PROBLEM =>
Exact copies of all the lines below are needed, without the pictures.

BEGIN

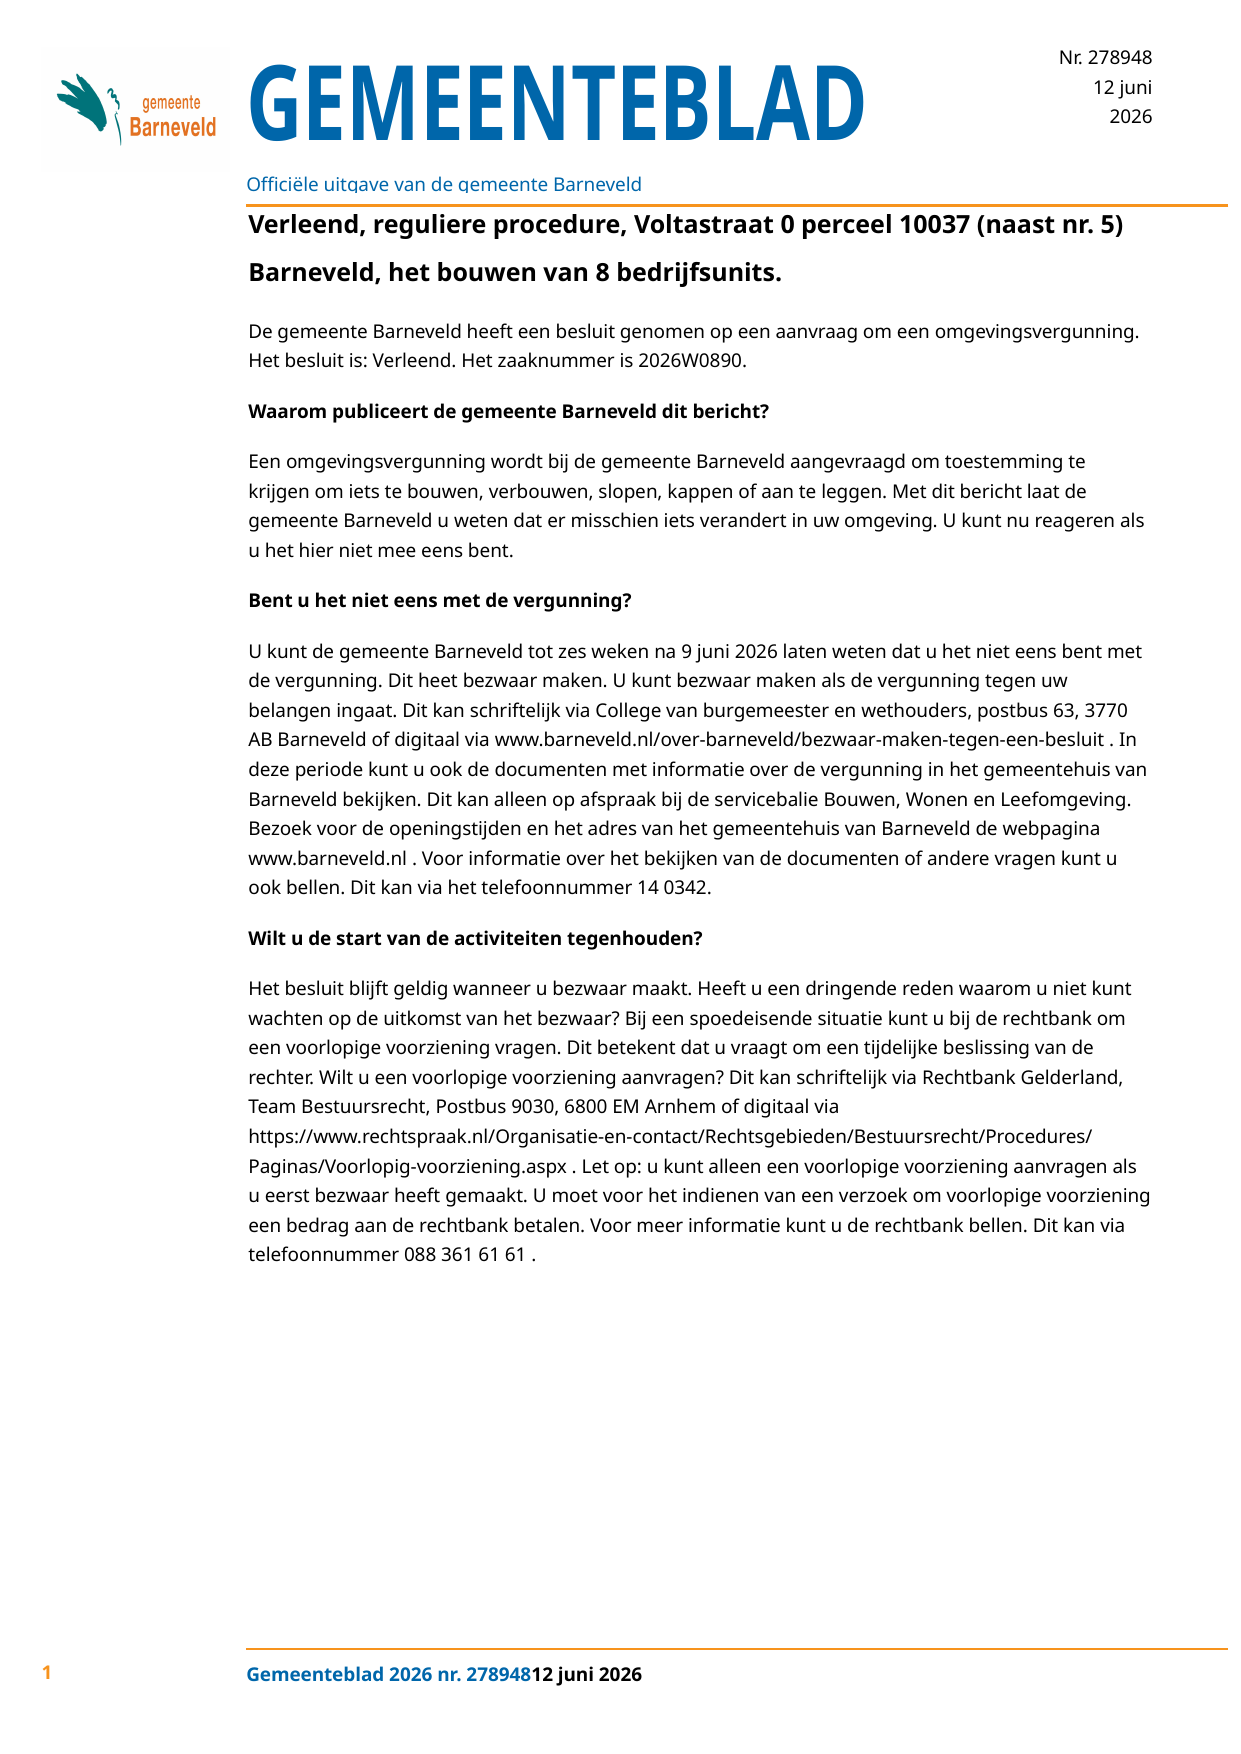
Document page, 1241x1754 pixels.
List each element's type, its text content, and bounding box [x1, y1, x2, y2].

text Het besluit blijft geldig wanneer u bezwaar maakt. Heeft u een dringende reden waarom u niet kunt wachten op de uitkomst van het bezwaar? Bij een spoedeisende situatie kunt u bij de rechtbank om een voorlopige voorziening vragen. Dit betekent dat u vraagt om een tijdelijke beslissing van de rechter. Wilt u een voorlopige voorziening aanvragen? Dit kan schriftelijk via Rechtbank Gelderland, Team Bestuursrecht, Postbus 9030, 6800 EM Arnhem of digitaal via https://www.rechtspraak.nl/Organisatie-en-contact/Rechtsgebieden/Bestuursrecht/Procedures/Paginas/Voorlopig-voorziening.aspx . Let op: u kunt alleen een voorlopige voorziening aanvragen als u eerst bezwaar heeft gemaakt. U moet voor het indienen van een verzoek om voorlopige voorziening een bedrag aan de rechtbank betalen. Voor meer informatie kunt u de rechtbank bellen. Dit kan via telefoonnummer 088 361 61 61 . [248, 975, 1152, 1267]
text Waarom publiceert de gemeente Barneveld dit bericht? [248, 398, 1152, 424]
text De gemeente Barneveld heeft een besluit genomen op een aanvraag om een omgevingsvergunning. Het besluit is: Verleend. Het zaaknummer is 2026W0890. [248, 318, 1152, 373]
text U kunt de gemeente Barneveld tot zes weken na 9 juni 2026 laten weten dat u het niet eens bent met de vergunning. Dit heet bezwaar maken. U kunt bezwaar maken als de vergunning tegen uw belangen ingaat. Dit kan schriftelijk via College van burgemeester en wethouders, postbus 63, 3770 AB Barneveld of digitaal via www.barneveld.nl/over-barneveld/bezwaar-maken-tegen-een-besluit . In deze periode kunt u ook de documenten met informatie over de vergunning in het gemeentehuis van Barneveld bekijken. Dit kan alleen op afspraak bij de servicebalie Bouwen, Wonen en Leefomgeving. Bezoek voor de openingstijden en het adres van het gemeentehuis van Barneveld de webpagina www.barneveld.nl . Voor informatie over het bekijken van de documenten of andere vragen kunt u ook bellen. Dit kan via het telefoonnummer 14 0342. [248, 638, 1152, 900]
text Wilt u de start van de activiteiten tegenhouden? [248, 925, 1152, 951]
text Een omgevingsvergunning wordt bij de gemeente Barneveld aangevraagd om toestemming te krijgen om iets te bouwen, verbouwen, slopen, kappen of aan te leggen. Met dit bericht laat de gemeente Barneveld u weten dat er misschien iets verandert in uw omgeving. U kunt nu reageren als u het hier niet mee eens bent. [248, 448, 1152, 563]
text Verleend, reguliere procedure, Voltastraat 0 perceel 10037 (naast nr. 5) Barneveld, het bouwen van 8 bedrijfsunits. [248, 207, 1152, 288]
picture [41, 47, 231, 172]
text Bent u het niet eens met de vergunning? [248, 587, 1152, 613]

END

SOLUTION TO THIS EXERCISE =>
Document page, 1241x1754 pixels.
List each element's type, its text content, and bounding box [x1, y1, x2, y2].

text Het besluit blijft geldig wanneer u bezwaar maakt. Heeft u een dringende reden waarom u niet kunt wachten op de uitkomst van het bezwaar? Bij een spoedeisende situatie kunt u bij de rechtbank om een voorlopige voorziening vragen. Dit betekent dat u vraagt om een tijdelijke beslissing van de rechter. Wilt u een voorlopige voorziening aanvragen? Dit kan schriftelijk via Rechtbank Gelderland, Team Bestuursrecht, Postbus 9030, 6800 EM Arnhem of digitaal via https://www.rechtspraak.nl/Organisatie-en-contact/Rechtsgebieden/Bestuursrecht/Procedures/Paginas/Voorlopig-voorziening.aspx . Let op: u kunt alleen een voorlopige voorziening aanvragen als u eerst bezwaar heeft gemaakt. U moet voor het indienen van een verzoek om voorlopige voorziening een bedrag aan de rechtbank betalen. Voor meer informatie kunt u de rechtbank bellen. Dit kan via telefoonnummer 088 361 61 61 . [248, 975, 1152, 1267]
text Waarom publiceert de gemeente Barneveld dit bericht? [248, 398, 1152, 424]
text De gemeente Barneveld heeft een besluit genomen op een aanvraag om een omgevingsvergunning. Het besluit is: Verleend. Het zaaknummer is 2026W0890. [248, 318, 1152, 373]
text U kunt de gemeente Barneveld tot zes weken na 9 juni 2026 laten weten dat u het niet eens bent met de vergunning. Dit heet bezwaar maken. U kunt bezwaar maken als de vergunning tegen uw belangen ingaat. Dit kan schriftelijk via College van burgemeester en wethouders, postbus 63, 3770 AB Barneveld of digitaal via www.barneveld.nl/over-barneveld/bezwaar-maken-tegen-een-besluit . In deze periode kunt u ook de documenten met informatie over de vergunning in het gemeentehuis van Barneveld bekijken. Dit kan alleen op afspraak bij de servicebalie Bouwen, Wonen en Leefomgeving. Bezoek voor de openingstijden en het adres van het gemeentehuis van Barneveld de webpagina www.barneveld.nl . Voor informatie over het bekijken van de documenten of andere vragen kunt u ook bellen. Dit kan via het telefoonnummer 14 0342. [248, 638, 1152, 900]
text Wilt u de start van de activiteiten tegenhouden? [248, 925, 1152, 951]
text Een omgevingsvergunning wordt bij de gemeente Barneveld aangevraagd om toestemming te krijgen om iets te bouwen, verbouwen, slopen, kappen of aan te leggen. Met dit bericht laat de gemeente Barneveld u weten dat er misschien iets verandert in uw omgeving. U kunt nu reageren als u het hier niet mee eens bent. [248, 448, 1152, 563]
text Verleend, reguliere procedure, Voltastraat 0 perceel 10037 (naast nr. 5) Barneveld, het bouwen van 8 bedrijfsunits. [248, 207, 1152, 288]
picture [41, 47, 231, 172]
text Bent u het niet eens met de vergunning? [248, 587, 1152, 613]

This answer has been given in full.